Images are to be excluded, and the rest of the data repeated exactly.

Items from a data source
▼

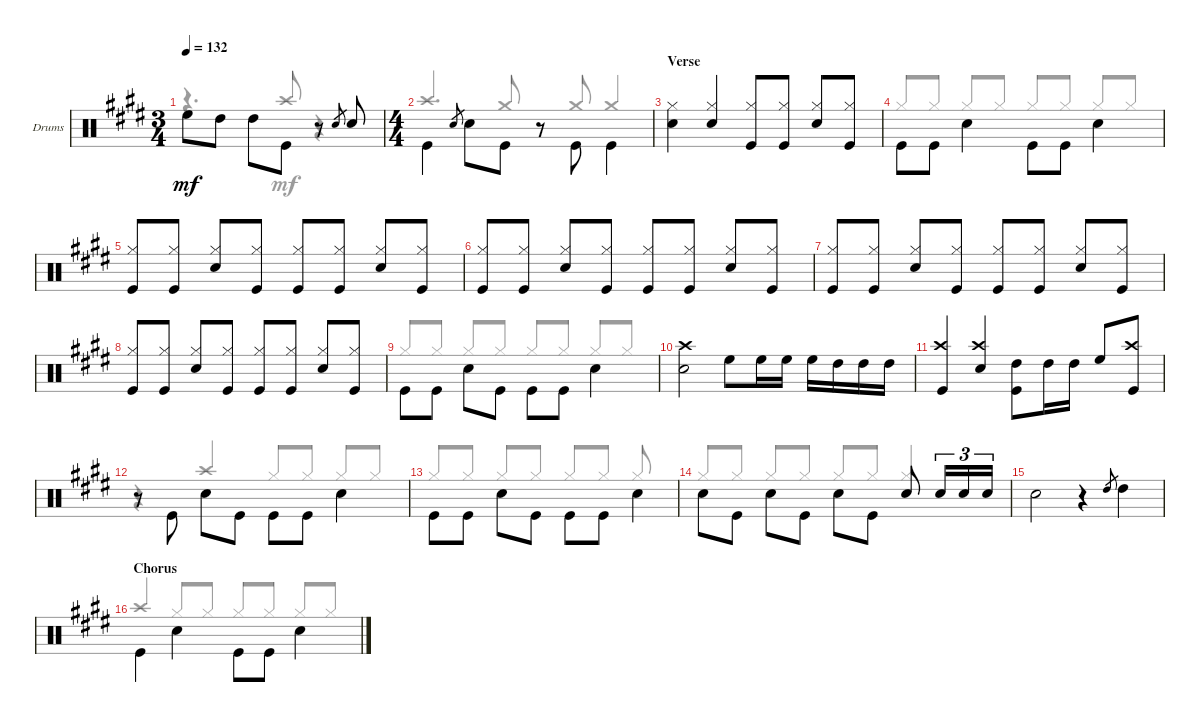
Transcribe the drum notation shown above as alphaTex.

\defaultSystemsLayout 4
\bracketExtendMode groupsimilarinstruments
\firstSystemTrackNameOrientation horizontal
\otherSystemsTrackNameOrientation horizontal
\track ("PETER CRISS" "Drums") {solo instrument percussion}
\staff {score}
\articulation defaults
\voice
\ts (3 4)
\tempo 132
\clef neutral
\ks e "High Floor Tom (hit)".8{dy mf} "High Tom (hit)".8 "High Tom (hit)".8{beam invert} "Kick (hit)".8
r.8 "Snare (hit) 2".8{gr} "Snare (hit) 2".8 |
\ts (4 4)
"Kick (hit)".4{beam invert} "Snare (hit) 2".8{gr} "Snare (hit) 2".8{beam invert} "Kick (hit)".8 r.8 "Kick (hit)".8{beam invert} "Kick (hit)".4{beam invert} |
\section ("" "Verse")
("Snare (hit) 2" "Hi-Hat (closed)").4 ("Snare (hit) 2" "Hi-Hat (closed)").4 ("Hi-Hat (closed)" "Kick (hit)").8{beam invert} ("Hi-Hat (closed)" "Kick (hit)").8 ("Hi-Hat (closed)" "Snare (hit) 2").8{beam invert} ("Hi-Hat (closed)" "Kick (hit)").8 |
"Kick (hit)".8{beam invert} "Kick (hit)".8 "Snare (hit) 2".4{beam invert} "Kick (hit)".8{beam invert} "Kick (hit)".8 "Snare (hit) 2".4{beam invert} |
("Kick (hit)" "Hi-Hat (closed)").8{beam invert} ("Kick (hit)" "Hi-Hat (closed)").8 ("Snare (hit) 2" "Hi-Hat (closed)").8{beam invert} ("Kick (hit)" "Hi-Hat (closed)").8 ("Kick (hit)" "Hi-Hat (closed)").8{beam invert} ("Kick (hit)" "Hi-Hat (closed)").8 ("Snare (hit) 2" "Hi-Hat (closed)").8{beam invert} ("Kick (hit)" "Hi-Hat (closed)").8 |
("Kick (hit)" "Hi-Hat (closed)").8{beam invert} ("Kick (hit)" "Hi-Hat (closed)").8 ("Snare (hit) 2" "Hi-Hat (closed)").8{beam invert} ("Kick (hit)" "Hi-Hat (closed)").8 ("Kick (hit)" "Hi-Hat (closed)").8{beam invert} ("Kick (hit)" "Hi-Hat (closed)").8 ("Snare (hit) 2" "Hi-Hat (closed)").8{beam invert} ("Kick (hit)" "Hi-Hat (closed)").8 |
("Kick (hit)" "Hi-Hat (closed)").8{beam invert} ("Kick (hit)" "Hi-Hat (closed)").8 ("Snare (hit) 2" "Hi-Hat (closed)").8{beam invert} ("Kick (hit)" "Hi-Hat (closed)").8 ("Kick (hit)" "Hi-Hat (closed)").8{beam invert} ("Kick (hit)" "Hi-Hat (closed)").8 ("Snare (hit) 2" "Hi-Hat (closed)").8{beam invert} ("Kick (hit)" "Hi-Hat (closed)").8 |
("Kick (hit)" "Hi-Hat (closed)").8{beam invert} ("Kick (hit)" "Hi-Hat (closed)").8 ("Snare (hit) 2" "Hi-Hat (closed)").8{beam invert} ("Kick (hit)" "Hi-Hat (closed)").8 ("Kick (hit)" "Hi-Hat (closed)").8{beam invert} ("Kick (hit)" "Hi-Hat (closed)").8 ("Snare (hit) 2" "Hi-Hat (closed)").8{beam invert} ("Kick (hit)" "Hi-Hat (closed)").8 |
"Kick (hit)".8{beam invert} "Kick (hit)".8 "Snare (hit) 2".8{beam invert} "Kick (hit)".8 "Kick (hit)".8{beam invert} "Kick (hit)".8 "Snare (hit) 2".4{beam invert} |
("Snare (hit) 2" "Crash high (hit)").2 "High Floor Tom (hit)".8 "High Floor Tom (hit)".16 "High Floor Tom (hit)".16 "High Floor Tom (hit)".16 "High Tom (hit)".16 "High Tom (hit)".16 "High Tom (hit)".16 |
("Kick (hit)" "Crash high (hit)").4{beam invert} ("Snare (hit) 2" "Crash high (hit)").4 ("Kick (hit)" "High Tom (hit)").8{beam invert} "High Tom (hit)".16 "High Tom (hit)".16 "High Floor Tom (hit)".8{beam invert} ("Kick (hit)" "Crash high (hit)").8 |
r.8 "Kick (hit)".8{beam invert} "Snare (hit) 2".8{beam invert} "Kick (hit)".8 "Kick (hit)".8{beam invert} "Kick (hit)".8 "Snare (hit) 2".4{beam invert} |
"Kick (hit)".8{beam invert} "Kick (hit)".8 "Snare (hit) 2".8{beam invert} "Kick (hit)".8 "Kick (hit)".8{beam invert} "Kick (hit)".8 "Snare (hit) 2".4{beam invert} |
"Snare (hit) 2".8{beam invert} "Kick (hit)".8 "Snare (hit) 2".8{beam invert} "Kick (hit)".8 "Snare (hit) 2".8{beam invert} "Kick (hit)".8 "Snare (hit) 2".8 "Snare (hit) 2".16{tu (3 2)} "Snare (hit) 2".16{tu (3 2)} "Snare (hit) 2".16{tu (3 2)} |
"Snare (hit) 2".2 r.4 "High Tom (hit)".8{gr} "High Tom (hit)".4 |
\section ("" "Chorus")
"Kick (hit)".4{beam invert} "Snare (hit) 2".4{beam invert} "Kick (hit)".8{beam invert} "Kick (hit)".8 "Snare (hit) 2".4{beam invert}
\voice
\clef neutral
\ottava regular
\simile none
\ks e
r.4{d dy mf beam invert} "Crash high (hit)".8{beam invert} r.4{beam invert} |
"Crash high (hit)".4{d beam invert} "Crash medium (hit)".8{beam invert} r.8 "Crash medium (hit)".8{beam invert} "Crash medium (hit)".4{beam invert} |
|
"Hi-Hat (closed)".8{beam invert} "Hi-Hat (closed)".8 "Hi-Hat (closed)".8{beam invert} "Hi-Hat (closed)".8 "Hi-Hat (closed)".8{beam invert} "Hi-Hat (closed)".8 "Hi-Hat (closed)".8{beam invert} "Hi-Hat (closed)".8 |
|
|
|
|
"Hi-Hat (closed)".8{beam invert} "Hi-Hat (closed)".8 "Hi-Hat (closed)".8{beam invert} "Hi-Hat (closed)".8 "Hi-Hat (closed)".8{beam invert} "Hi-Hat (closed)".8 "Hi-Hat (closed)".8{beam invert} "Hi-Hat (closed)".8 |
|
|
r.4 "Crash high (hit)".4{beam invert} "Hi-Hat (closed)".8{beam invert} "Hi-Hat (closed)".8 "Hi-Hat (closed)".8{beam invert} "Hi-Hat (closed)".8 |
"Hi-Hat (closed)".8{beam invert} "Hi-Hat (closed)".8 "Hi-Hat (closed)".8{beam invert} "Hi-Hat (closed)".8 "Hi-Hat (closed)".8{beam invert} "Hi-Hat (closed)".8 "Hi-Hat (closed)".8{beam invert} |
"Hi-Hat (closed)".8{beam invert} "Hi-Hat (closed)".8 "Hi-Hat (closed)".8{beam invert} "Hi-Hat (closed)".8 "Hi-Hat (closed)".8{beam invert} "Hi-Hat (closed)".8 "Hi-Hat (closed)".4{beam invert} |
|
"Crash high (hit)".4{beam invert} "Hi-Hat (closed)".8{beam invert} "Hi-Hat (closed)".8 "Hi-Hat (closed)".8{beam invert} "Hi-Hat (closed)".8 "Hi-Hat (closed)".8{beam invert} "Hi-Hat (closed)".8

▲

**TASK ANSWER**
Transcribe the drum notation shown above as alphaTex.

\defaultSystemsLayout 4
\bracketExtendMode groupsimilarinstruments
\firstSystemTrackNameOrientation horizontal
\otherSystemsTrackNameOrientation horizontal
\track ("PETER CRISS" "Drums") {solo instrument percussion}
\staff {score}
\articulation defaults
\voice
\ts (3 4)
\tempo 132
\clef neutral
\ks e "High Floor Tom (hit)".8{dy mf} "High Tom (hit)".8 "High Tom (hit)".8{beam invert} "Kick (hit)".8
r.8 "Snare (hit) 2".8{gr} "Snare (hit) 2".8 |
\ts (4 4)
"Kick (hit)".4{beam invert} "Snare (hit) 2".8{gr} "Snare (hit) 2".8{beam invert} "Kick (hit)".8 r.8 "Kick (hit)".8{beam invert} "Kick (hit)".4{beam invert} |
\section ("" "Verse")
("Snare (hit) 2" "Hi-Hat (closed)").4 ("Snare (hit) 2" "Hi-Hat (closed)").4 ("Hi-Hat (closed)" "Kick (hit)").8{beam invert} ("Hi-Hat (closed)" "Kick (hit)").8 ("Hi-Hat (closed)" "Snare (hit) 2").8{beam invert} ("Hi-Hat (closed)" "Kick (hit)").8 |
"Kick (hit)".8{beam invert} "Kick (hit)".8 "Snare (hit) 2".4{beam invert} "Kick (hit)".8{beam invert} "Kick (hit)".8 "Snare (hit) 2".4{beam invert} |
("Kick (hit)" "Hi-Hat (closed)").8{beam invert} ("Kick (hit)" "Hi-Hat (closed)").8 ("Snare (hit) 2" "Hi-Hat (closed)").8{beam invert} ("Kick (hit)" "Hi-Hat (closed)").8 ("Kick (hit)" "Hi-Hat (closed)").8{beam invert} ("Kick (hit)" "Hi-Hat (closed)").8 ("Snare (hit) 2" "Hi-Hat (closed)").8{beam invert} ("Kick (hit)" "Hi-Hat (closed)").8 |
("Kick (hit)" "Hi-Hat (closed)").8{beam invert} ("Kick (hit)" "Hi-Hat (closed)").8 ("Snare (hit) 2" "Hi-Hat (closed)").8{beam invert} ("Kick (hit)" "Hi-Hat (closed)").8 ("Kick (hit)" "Hi-Hat (closed)").8{beam invert} ("Kick (hit)" "Hi-Hat (closed)").8 ("Snare (hit) 2" "Hi-Hat (closed)").8{beam invert} ("Kick (hit)" "Hi-Hat (closed)").8 |
("Kick (hit)" "Hi-Hat (closed)").8{beam invert} ("Kick (hit)" "Hi-Hat (closed)").8 ("Snare (hit) 2" "Hi-Hat (closed)").8{beam invert} ("Kick (hit)" "Hi-Hat (closed)").8 ("Kick (hit)" "Hi-Hat (closed)").8{beam invert} ("Kick (hit)" "Hi-Hat (closed)").8 ("Snare (hit) 2" "Hi-Hat (closed)").8{beam invert} ("Kick (hit)" "Hi-Hat (closed)").8 |
("Kick (hit)" "Hi-Hat (closed)").8{beam invert} ("Kick (hit)" "Hi-Hat (closed)").8 ("Snare (hit) 2" "Hi-Hat (closed)").8{beam invert} ("Kick (hit)" "Hi-Hat (closed)").8 ("Kick (hit)" "Hi-Hat (closed)").8{beam invert} ("Kick (hit)" "Hi-Hat (closed)").8 ("Snare (hit) 2" "Hi-Hat (closed)").8{beam invert} ("Kick (hit)" "Hi-Hat (closed)").8 |
"Kick (hit)".8{beam invert} "Kick (hit)".8 "Snare (hit) 2".8{beam invert} "Kick (hit)".8 "Kick (hit)".8{beam invert} "Kick (hit)".8 "Snare (hit) 2".4{beam invert} |
("Snare (hit) 2" "Crash high (hit)").2 "High Floor Tom (hit)".8 "High Floor Tom (hit)".16 "High Floor Tom (hit)".16 "High Floor Tom (hit)".16 "High Tom (hit)".16 "High Tom (hit)".16 "High Tom (hit)".16 |
("Kick (hit)" "Crash high (hit)").4{beam invert} ("Snare (hit) 2" "Crash high (hit)").4 ("Kick (hit)" "High Tom (hit)").8{beam invert} "High Tom (hit)".16 "High Tom (hit)".16 "High Floor Tom (hit)".8{beam invert} ("Kick (hit)" "Crash high (hit)").8 |
r.8 "Kick (hit)".8{beam invert} "Snare (hit) 2".8{beam invert} "Kick (hit)".8 "Kick (hit)".8{beam invert} "Kick (hit)".8 "Snare (hit) 2".4{beam invert} |
"Kick (hit)".8{beam invert} "Kick (hit)".8 "Snare (hit) 2".8{beam invert} "Kick (hit)".8 "Kick (hit)".8{beam invert} "Kick (hit)".8 "Snare (hit) 2".4{beam invert} |
"Snare (hit) 2".8{beam invert} "Kick (hit)".8 "Snare (hit) 2".8{beam invert} "Kick (hit)".8 "Snare (hit) 2".8{beam invert} "Kick (hit)".8 "Snare (hit) 2".8 "Snare (hit) 2".16{tu (3 2)} "Snare (hit) 2".16{tu (3 2)} "Snare (hit) 2".16{tu (3 2)} |
"Snare (hit) 2".2 r.4 "High Tom (hit)".8{gr} "High Tom (hit)".4 |
\section ("" "Chorus")
"Kick (hit)".4{beam invert} "Snare (hit) 2".4{beam invert} "Kick (hit)".8{beam invert} "Kick (hit)".8 "Snare (hit) 2".4{beam invert}
\voice
\clef neutral
\ottava regular
\simile none
\ks e
r.4{d dy mf beam invert} "Crash high (hit)".8{beam invert} r.4{beam invert} |
"Crash high (hit)".4{d beam invert} "Crash medium (hit)".8{beam invert} r.8 "Crash medium (hit)".8{beam invert} "Crash medium (hit)".4{beam invert} |
|
"Hi-Hat (closed)".8{beam invert} "Hi-Hat (closed)".8 "Hi-Hat (closed)".8{beam invert} "Hi-Hat (closed)".8 "Hi-Hat (closed)".8{beam invert} "Hi-Hat (closed)".8 "Hi-Hat (closed)".8{beam invert} "Hi-Hat (closed)".8 |
|
|
|
|
"Hi-Hat (closed)".8{beam invert} "Hi-Hat (closed)".8 "Hi-Hat (closed)".8{beam invert} "Hi-Hat (closed)".8 "Hi-Hat (closed)".8{beam invert} "Hi-Hat (closed)".8 "Hi-Hat (closed)".8{beam invert} "Hi-Hat (closed)".8 |
|
|
r.4 "Crash high (hit)".4{beam invert} "Hi-Hat (closed)".8{beam invert} "Hi-Hat (closed)".8 "Hi-Hat (closed)".8{beam invert} "Hi-Hat (closed)".8 |
"Hi-Hat (closed)".8{beam invert} "Hi-Hat (closed)".8 "Hi-Hat (closed)".8{beam invert} "Hi-Hat (closed)".8 "Hi-Hat (closed)".8{beam invert} "Hi-Hat (closed)".8 "Hi-Hat (closed)".8{beam invert} |
"Hi-Hat (closed)".8{beam invert} "Hi-Hat (closed)".8 "Hi-Hat (closed)".8{beam invert} "Hi-Hat (closed)".8 "Hi-Hat (closed)".8{beam invert} "Hi-Hat (closed)".8 "Hi-Hat (closed)".4{beam invert} |
|
"Crash high (hit)".4{beam invert} "Hi-Hat (closed)".8{beam invert} "Hi-Hat (closed)".8 "Hi-Hat (closed)".8{beam invert} "Hi-Hat (closed)".8 "Hi-Hat (closed)".8{beam invert} "Hi-Hat (closed)".8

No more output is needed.